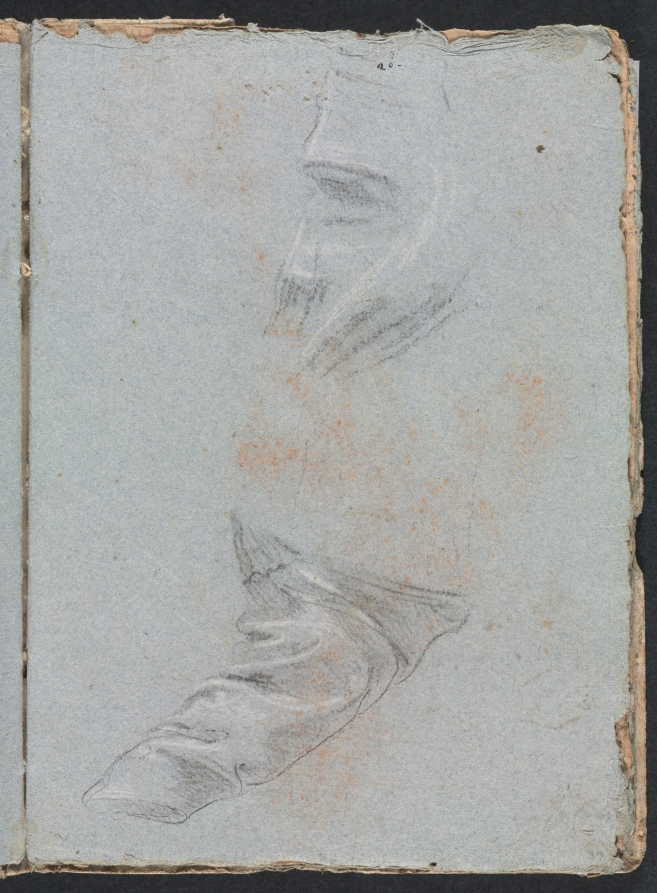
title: Verona Sketchbook: Drapery study (page 39)
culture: Italy, 18th century
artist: Francesco Lorenzi (Italian, 1723–1787)
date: 1760
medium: black chalk with white heightening
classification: Bound Volume
----------------------------------------
### Task statement
Repeat each entry precisely as it appears. Leave the pictures out.

### Output for this task
title: Verona Sketchbook: Drapery study (page 39)
culture: Italy, 18th century
artist: Francesco Lorenzi (Italian, 1723–1787)
date: 1760
medium: black chalk with white heightening
classification: Bound Volume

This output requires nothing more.